### WHAT YOU ARE ASKED TO DO
Once the pictures are set aside, transcribe each line of the listing exactly.

>>

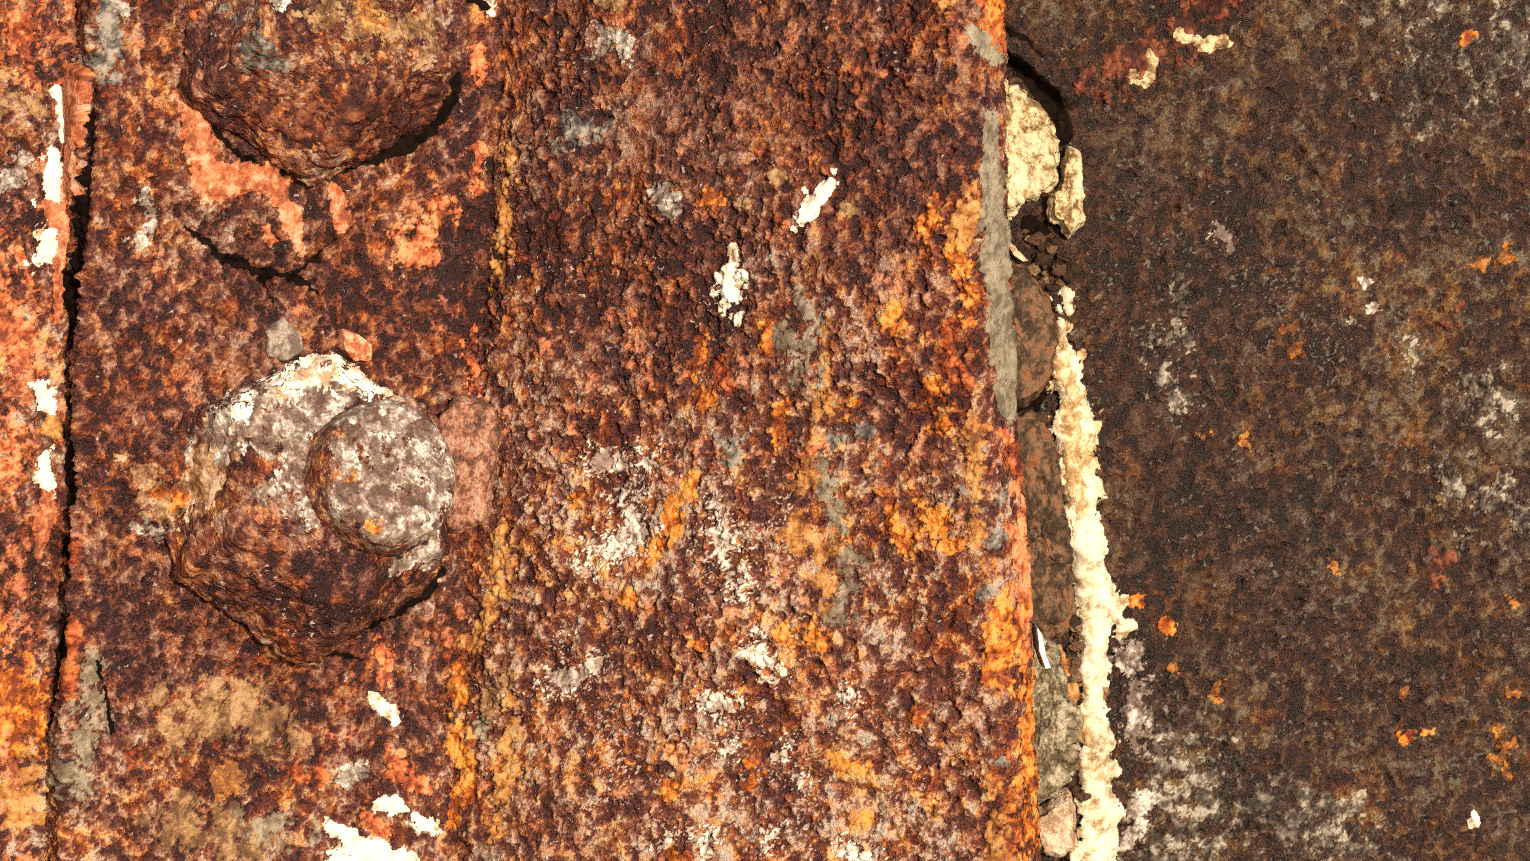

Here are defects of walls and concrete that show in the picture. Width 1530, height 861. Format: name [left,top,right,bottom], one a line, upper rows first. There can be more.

water stain [214,0,292,94]
corrosion [238,0,450,160]
corrosion [1073,0,1245,112]
corrosion [0,0,96,382]
corrosion [170,88,306,257]
corrosion [327,181,355,234]
corrosion [383,135,520,296]
corrosion [112,382,252,543]
corrosion [333,323,525,844]
corrosion [873,178,1051,861]
water stain [1047,321,1108,541]
corrosion [0,610,53,769]

<<

### SOLVED PROBLEM
Here are defects of walls and concrete that show in the picture. Width 1530, height 861. Format: name [left,top,right,bottom], one a line, upper rows first. There can be more.

water stain [214,0,292,94]
corrosion [238,0,450,160]
corrosion [1073,0,1245,112]
corrosion [0,0,96,382]
corrosion [170,88,306,257]
corrosion [327,181,355,234]
corrosion [383,135,520,296]
corrosion [112,382,252,543]
corrosion [333,323,525,844]
corrosion [873,178,1051,861]
water stain [1047,321,1108,541]
corrosion [0,610,53,769]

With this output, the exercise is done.